> Requirement
Nothing but the lines from the line with "-0.449,0.041,1.106,0.135,0.270,0.135,8,74,-4,vase" through the end of the data is to be copied, and each is to be copied exactly.

Segment Open

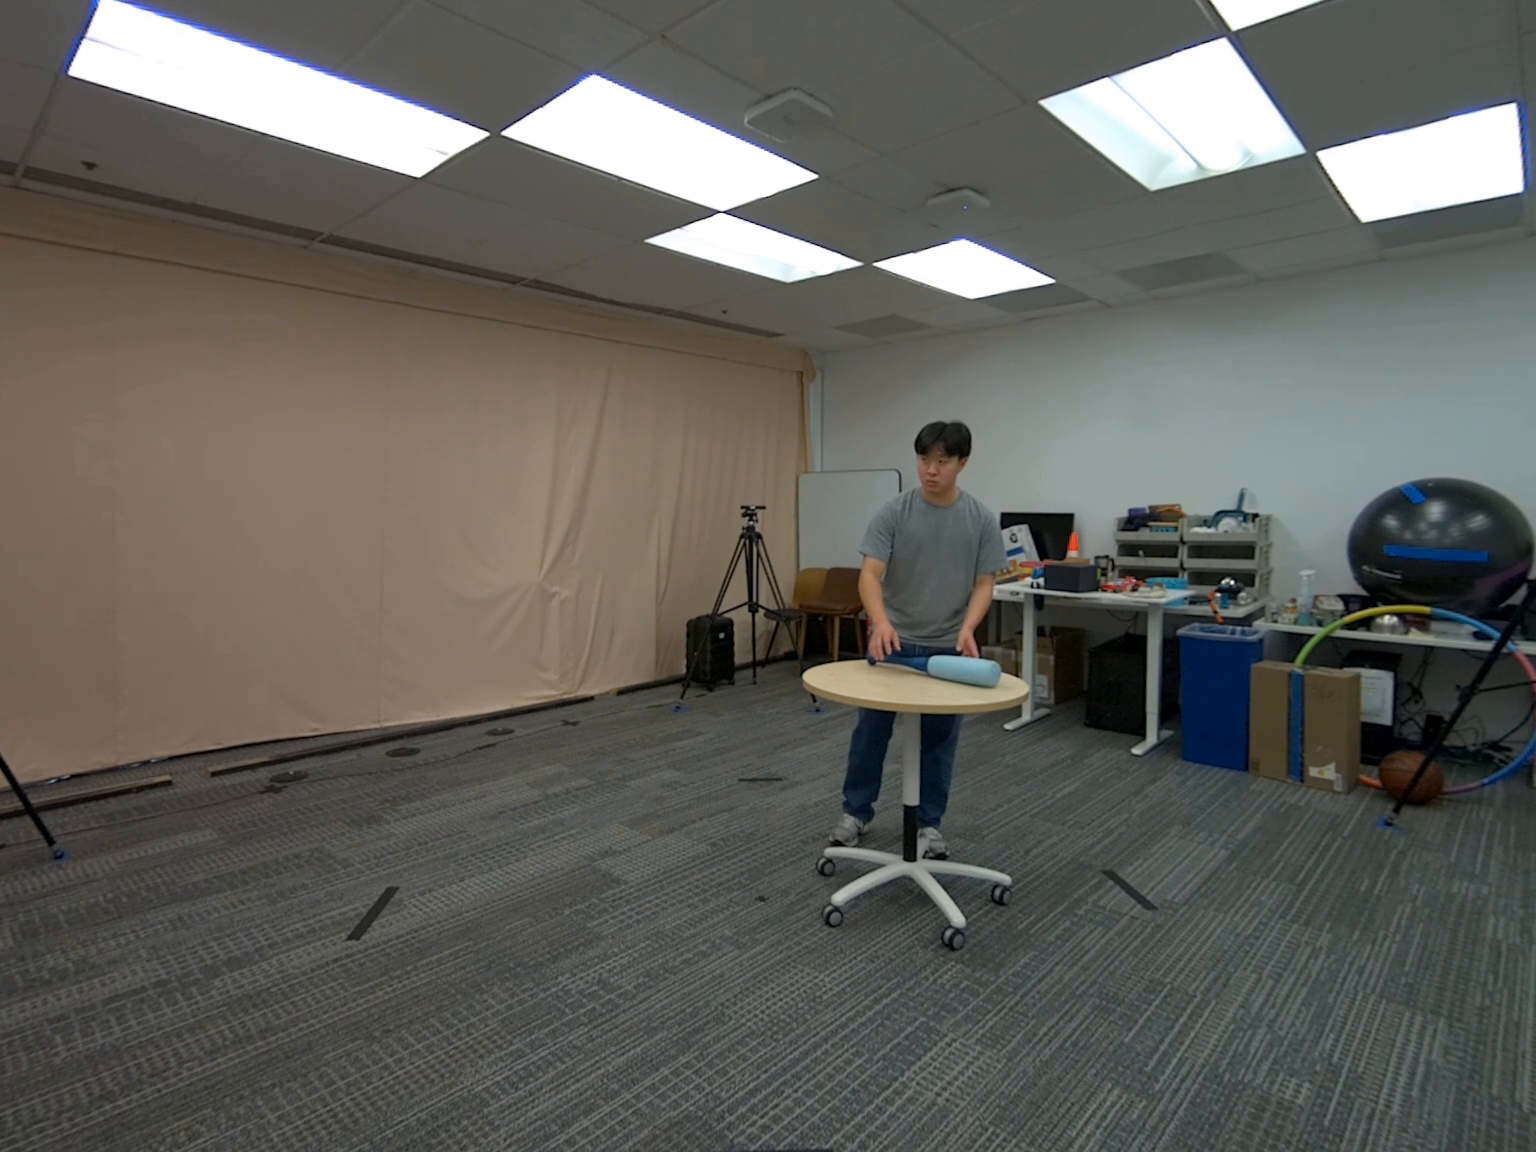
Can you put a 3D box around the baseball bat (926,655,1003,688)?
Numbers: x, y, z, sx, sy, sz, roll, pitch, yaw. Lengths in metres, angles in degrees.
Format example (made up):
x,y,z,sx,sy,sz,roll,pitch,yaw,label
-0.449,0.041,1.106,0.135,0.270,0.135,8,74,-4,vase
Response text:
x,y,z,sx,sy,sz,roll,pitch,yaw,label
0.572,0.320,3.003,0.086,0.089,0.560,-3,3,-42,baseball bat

Segment Closed

> Task output
-0.449,0.041,1.106,0.135,0.270,0.135,8,74,-4,vase
Response text:
x,y,z,sx,sy,sz,roll,pitch,yaw,label
0.572,0.320,3.003,0.086,0.089,0.560,-3,3,-42,baseball bat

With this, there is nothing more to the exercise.